HOW TO COMPLETE THIS TASK:
Could you write out, exactly and with no pictures, every line from the one containing "#9 sneaker from (355, 242) to (719, 407)" through the last line of the entries?

TASK INPUT:
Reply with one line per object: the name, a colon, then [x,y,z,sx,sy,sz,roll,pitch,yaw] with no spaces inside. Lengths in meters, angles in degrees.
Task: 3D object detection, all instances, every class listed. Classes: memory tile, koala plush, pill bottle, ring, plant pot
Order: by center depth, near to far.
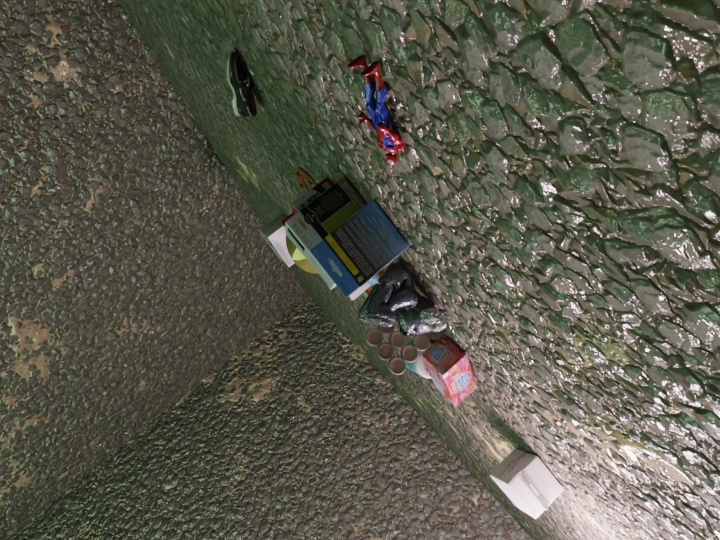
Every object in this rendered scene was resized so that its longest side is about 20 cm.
koala plush: [0.127,0.098,1.392,0.199,0.185,0.177,31,171,-8]
memory tile: [0.122,0.180,1.474,0.153,0.200,0.017,49,161,6]
plant pot: [-0.116,-0.105,1.645,0.201,0.200,0.142,54,143,-11]
ring: [-0.155,-0.249,1.713,0.201,0.019,0.201,50,170,12]
pill bottle: [0.201,0.285,1.721,0.111,0.111,0.200,53,169,-9]

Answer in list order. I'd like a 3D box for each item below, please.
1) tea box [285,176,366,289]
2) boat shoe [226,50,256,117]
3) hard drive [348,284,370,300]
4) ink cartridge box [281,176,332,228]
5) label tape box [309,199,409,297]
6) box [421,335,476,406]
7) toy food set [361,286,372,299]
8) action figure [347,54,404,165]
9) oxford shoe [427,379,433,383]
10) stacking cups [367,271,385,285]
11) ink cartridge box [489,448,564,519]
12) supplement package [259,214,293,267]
tea box: [-0.060,-0.092,1.351,0.200,0.196,0.134,52,169,2]
boat shoe: [-0.331,-0.516,1.461,0.060,0.074,0.201,10,142,4]
hard drive: [0.000,0.000,1.572,0.027,0.132,0.200,45,167,28]
ink cartridge box: [-0.101,-0.125,1.473,0.200,0.175,0.084,50,169,5]
label tape box: [-0.005,-0.050,1.252,0.145,0.200,0.063,52,169,-3]
box: [0.264,0.299,1.546,0.103,0.094,0.201,41,165,43]
toy food set: [0.009,0.034,1.854,0.199,0.049,0.200,55,170,-9]
action figure: [0.030,-0.253,0.869,0.065,0.052,0.200,38,165,39]
oxford shoe: [0.226,0.352,1.948,0.200,0.070,0.075,48,174,25]
stacking cups: [0.024,0.019,1.489,0.199,0.061,0.060,21,-170,-36]
ink cartridge box: [0.505,0.643,1.583,0.129,0.125,0.200,50,169,6]
supplement package: [-0.374,-0.151,2.588,0.192,0.147,0.200,56,169,-24]
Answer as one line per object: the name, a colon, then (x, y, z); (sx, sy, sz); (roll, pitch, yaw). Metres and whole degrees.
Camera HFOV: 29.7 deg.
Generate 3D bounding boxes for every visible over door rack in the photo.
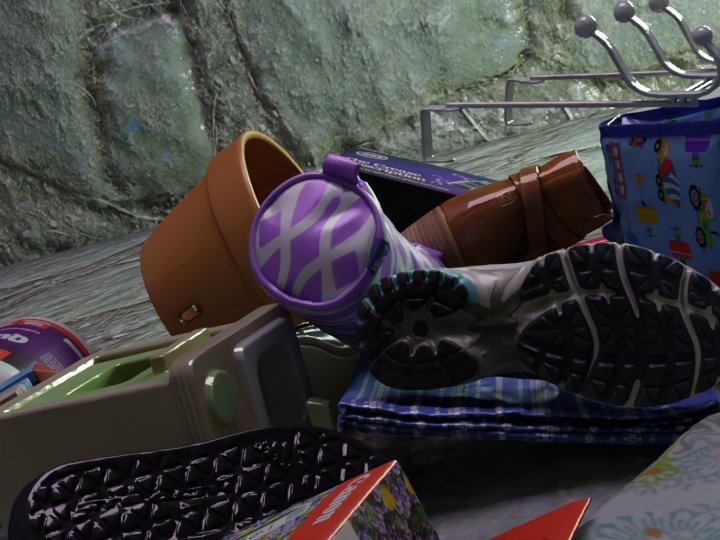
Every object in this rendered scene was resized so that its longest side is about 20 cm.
over door rack: (0.145, -0.127, 0.844); (0.198, 0.068, 0.147); (-10, 9, 33)

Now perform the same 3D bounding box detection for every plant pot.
plant pot: (-0.103, -0.004, 1.214); (0.139, 0.202, 0.200); (-30, 4, 16)

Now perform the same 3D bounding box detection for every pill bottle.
pill bottle: (-0.267, 0.107, 1.004); (0.111, 0.114, 0.200); (-15, 8, 7)

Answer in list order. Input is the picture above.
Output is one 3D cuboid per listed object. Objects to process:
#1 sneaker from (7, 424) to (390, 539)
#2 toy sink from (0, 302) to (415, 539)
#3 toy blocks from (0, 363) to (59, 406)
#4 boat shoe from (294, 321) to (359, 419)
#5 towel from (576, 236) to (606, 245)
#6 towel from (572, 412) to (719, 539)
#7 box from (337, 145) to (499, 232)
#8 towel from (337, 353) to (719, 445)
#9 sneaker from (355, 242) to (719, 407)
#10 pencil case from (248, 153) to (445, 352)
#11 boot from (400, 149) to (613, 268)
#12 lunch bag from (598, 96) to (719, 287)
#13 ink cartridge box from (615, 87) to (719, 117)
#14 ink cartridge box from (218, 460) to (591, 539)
sneaker: (-0.071, 0.124, 0.646); (0.197, 0.072, 0.083); (1, -37, -11)
toy sink: (-0.088, 0.092, 0.751); (0.198, 0.114, 0.130); (-12, 9, 23)
toy blocks: (-0.239, 0.118, 0.811); (0.136, 0.101, 0.200); (-30, 9, -3)
boat shoe: (-0.034, 0.070, 0.909); (0.066, 0.076, 0.198); (0, 14, 43)
towel: (0.274, -0.020, 1.116); (0.143, 0.023, 0.200); (-16, 10, -12)
towel: (0.170, 0.090, 0.491); (0.170, 0.049, 0.199); (-8, 11, 42)
box: (0.069, -0.047, 1.219); (0.197, 0.080, 0.141); (14, 11, 7)
towel: (0.090, 0.063, 0.734); (0.197, 0.024, 0.145); (1, 9, 6)
sneaker: (0.101, 0.022, 0.693); (0.197, 0.079, 0.086); (2, 5, 26)
pencil case: (0.000, 0.000, 0.800); (0.083, 0.087, 0.200); (13, -10, 17)
boot: (0.109, -0.019, 0.980); (0.154, 0.077, 0.200); (-28, -26, 10)
lunch bag: (0.199, -0.019, 0.791); (0.093, 0.153, 0.200); (-18, 9, -21)
ink cartridge box: (0.297, -0.063, 0.912); (0.197, 0.147, 0.147); (-16, 7, -4)
ink cartridge box: (-0.020, 0.121, 0.503); (0.199, 0.051, 0.109); (-28, 3, 25)
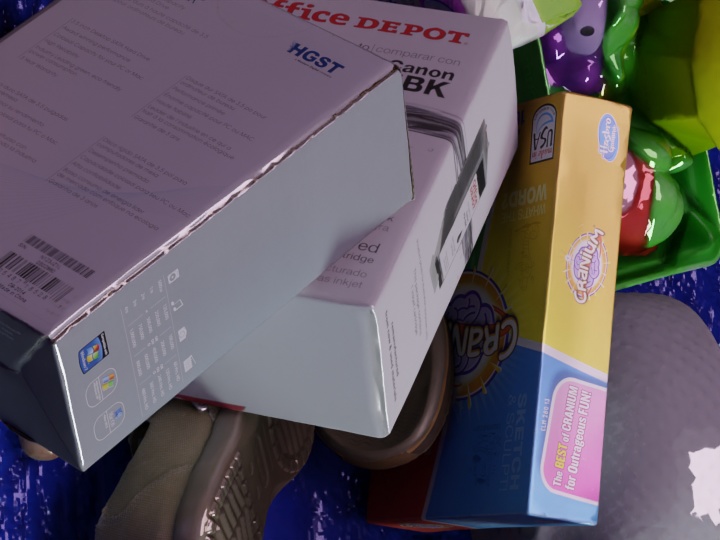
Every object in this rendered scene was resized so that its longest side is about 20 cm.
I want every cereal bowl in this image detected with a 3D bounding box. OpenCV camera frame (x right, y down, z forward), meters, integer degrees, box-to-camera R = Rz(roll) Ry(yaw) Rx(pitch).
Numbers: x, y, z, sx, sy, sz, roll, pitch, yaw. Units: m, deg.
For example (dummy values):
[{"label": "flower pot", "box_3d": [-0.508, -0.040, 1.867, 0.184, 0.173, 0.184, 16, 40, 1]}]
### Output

SOLUTION TO THIS PROBLEM:
#9 sneaker from (355, 242) to (719, 407)
#10 pencil case from (248, 153) to (445, 352)
#11 boot from (400, 149) to (613, 268)
#12 lunch bag from (598, 96) to (719, 287)
#13 ink cartridge box from (615, 87) to (719, 117)
#14 ink cartridge box from (218, 460) to (591, 539)
sneaker: (-0.071, 0.124, 0.646); (0.197, 0.072, 0.083); (1, -37, -11)
toy sink: (-0.088, 0.092, 0.751); (0.198, 0.114, 0.130); (-12, 9, 23)
toy blocks: (-0.239, 0.118, 0.811); (0.136, 0.101, 0.200); (-30, 9, -3)
boat shoe: (-0.034, 0.070, 0.909); (0.066, 0.076, 0.198); (0, 14, 43)
towel: (0.274, -0.020, 1.116); (0.143, 0.023, 0.200); (-16, 10, -12)
towel: (0.170, 0.090, 0.491); (0.170, 0.049, 0.199); (-8, 11, 42)
box: (0.069, -0.047, 1.219); (0.197, 0.080, 0.141); (14, 11, 7)
towel: (0.090, 0.063, 0.734); (0.197, 0.024, 0.145); (1, 9, 6)
sneaker: (0.101, 0.022, 0.693); (0.197, 0.079, 0.086); (2, 5, 26)
pencil case: (0.000, 0.000, 0.800); (0.083, 0.087, 0.200); (13, -10, 17)
boot: (0.109, -0.019, 0.980); (0.154, 0.077, 0.200); (-28, -26, 10)
lunch bag: (0.199, -0.019, 0.791); (0.093, 0.153, 0.200); (-18, 9, -21)
ink cartridge box: (0.297, -0.063, 0.912); (0.197, 0.147, 0.147); (-16, 7, -4)
ink cartridge box: (-0.020, 0.121, 0.503); (0.199, 0.051, 0.109); (-28, 3, 25)
Every object in this rendered scene was resized so that its longest side is about 20 cm.
I want every cereal bowl in this image detected with a 3D bounding box. OpenCV camera frame (x right, y down, z forward), meters, integer degrees, box-to-camera R = Rz(roll) Ry(yaw) Rx(pitch).
Numbers: x, y, z, sx, sy, sz, roll, pitch, yaw. Units: m, deg.
For example (dummy values):
[{"label": "flower pot", "box_3d": [-0.508, -0.040, 1.867, 0.184, 0.173, 0.184, 16, 40, 1]}]
### Output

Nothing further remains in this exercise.